They are expected to spend hours poring over zoning charts, spend their lunch hours speaking to civic groups and their weekends secluded on budget workshops. They have to make decisions that could drastically affect their constituents’ homes and businesses. They are supposed to act in the name of the “common good” on a bewildering array of municipal, state and federal laws, and make decisions on everything from a low bid on car batteries to plans for mass transit.

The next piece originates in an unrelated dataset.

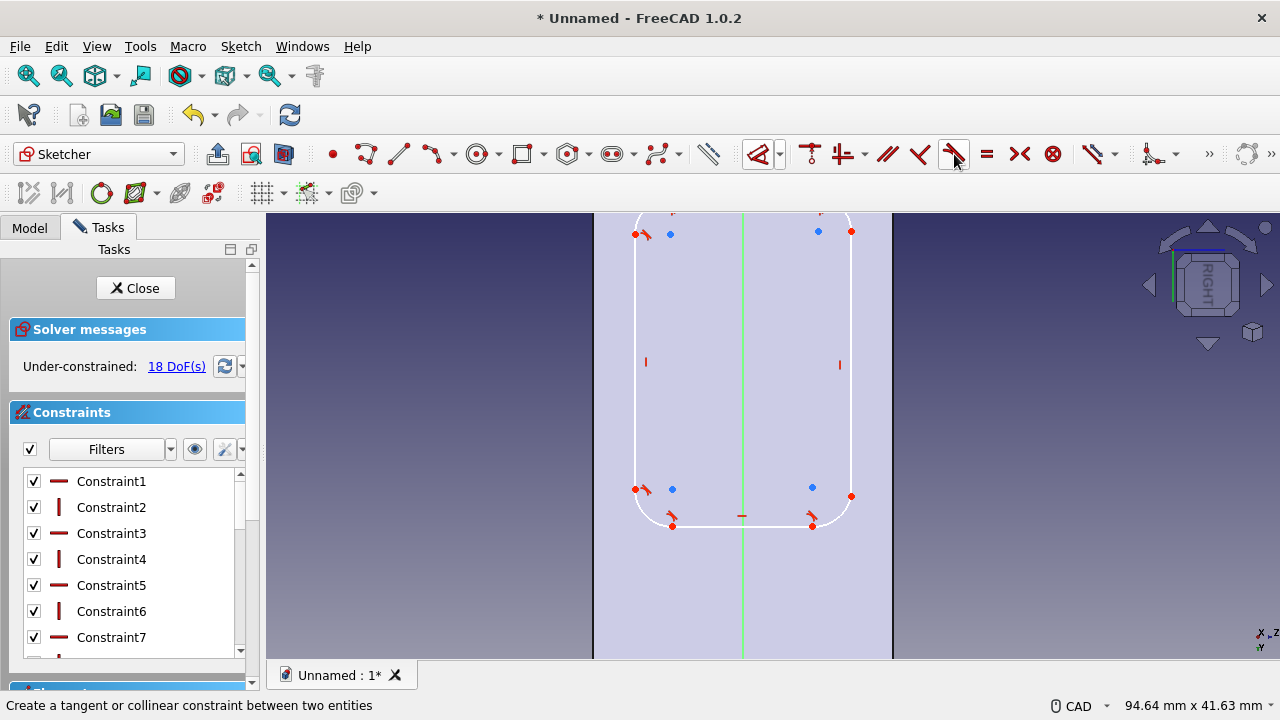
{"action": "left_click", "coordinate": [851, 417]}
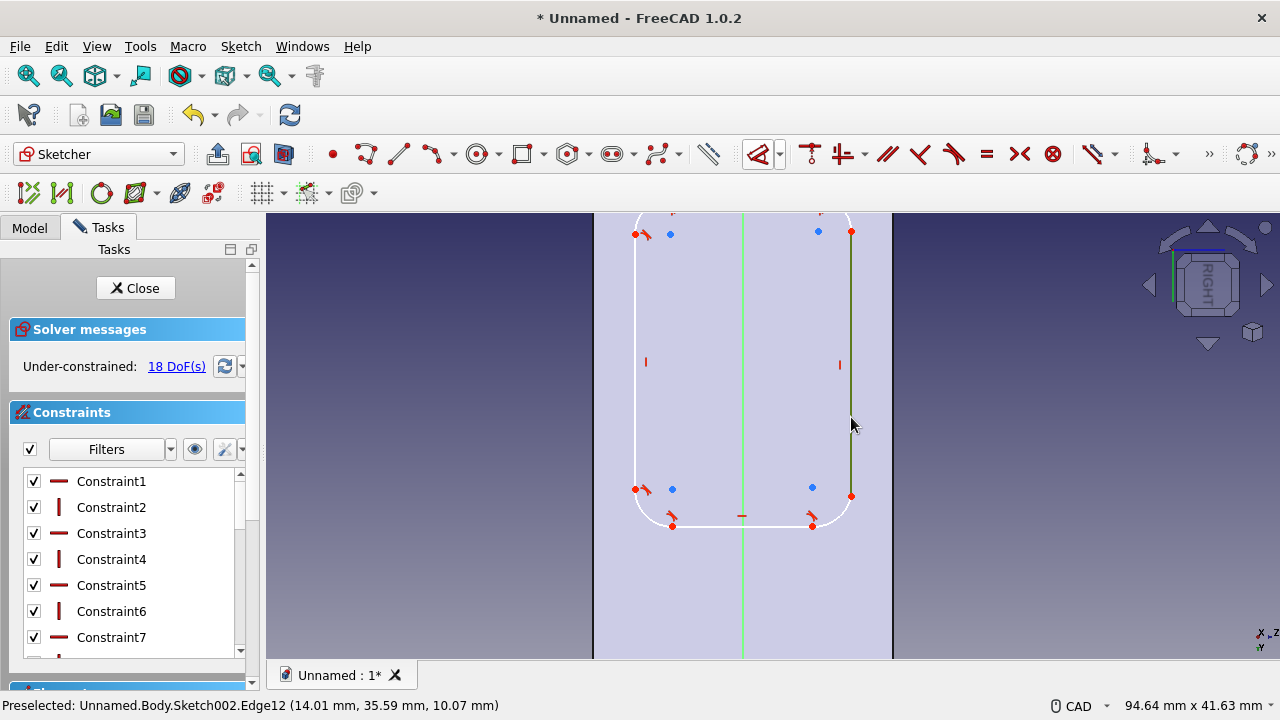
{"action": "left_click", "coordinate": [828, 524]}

To perform this Herculean task, we send to City Hall a group of people with widely varying amounts of experience, astuteness, savvy and skill. In the old days it really didn’t matter how skillful or astute any individual council member was. There was a community consensus, and that consensus prevailed in the council chambers. Council members who weren’t up for it got carried along for the ride; council members who were actively against the consensus got politely run over. But now it really does matter who fills each city council seat. Each individual council member has more potential to influence the system than ever before.

To determine how well each council member is performing his or her job, we interviewed a broad spectrum of close observers of the council -civic leaders, politicians, journalists, neighborhood activists, city staff members. The following analysis of the council members’ performance in the political system is based on those interviews.

Jack Evans, mayor, Place 11, at large. Talk about Jack Evans, president of Cullum Companies, Inc. (which owns Tom Thumb and Page Drugs), almost invariably begins with a comparison with his predecessor, North Dallas developer Robert Folsom. Evans says he is more of “a team player” than Folsom. Insiders agree with that, but wonder whether Evans can exert enough leadership. It appears to be a choice between being well-liked and making hard decisions that may not be popular.

“Being mayor is a political job, but he doesn’t always understand it’s a political job, ” says one insider. “Evans’ primary thing is that he searches for consensus. He wants to have as many votes on an issue as he can. Folsom would be willing to get six [a majority of the 11 members of council] and then stop. Evans wants to avoid confrontation. He’s not a conflict person. He looks for the sources of disagreement and goes behind the scenes, and works individually with council members.”

The result, the insider says, is that Evans hasn’t been as effective as he could be. He isn’t identified with any particular issue, and in that sense, is untested. The era of the major projects may be over for Dallas, and in the past, projects such as the water system, the airport, the convention center, the new City Hall and Reunion Arena have focused attention on the mayor’s office.

Evans points out that as mayor he cannot control the city council the way the chairman of a company board can exert leverage. The mayor has only one vote, as do each of the council members.

Still, a lot of power and prestige is attached to the mayor’s job, and Evans’ handling of the council debates has been criticized by observers.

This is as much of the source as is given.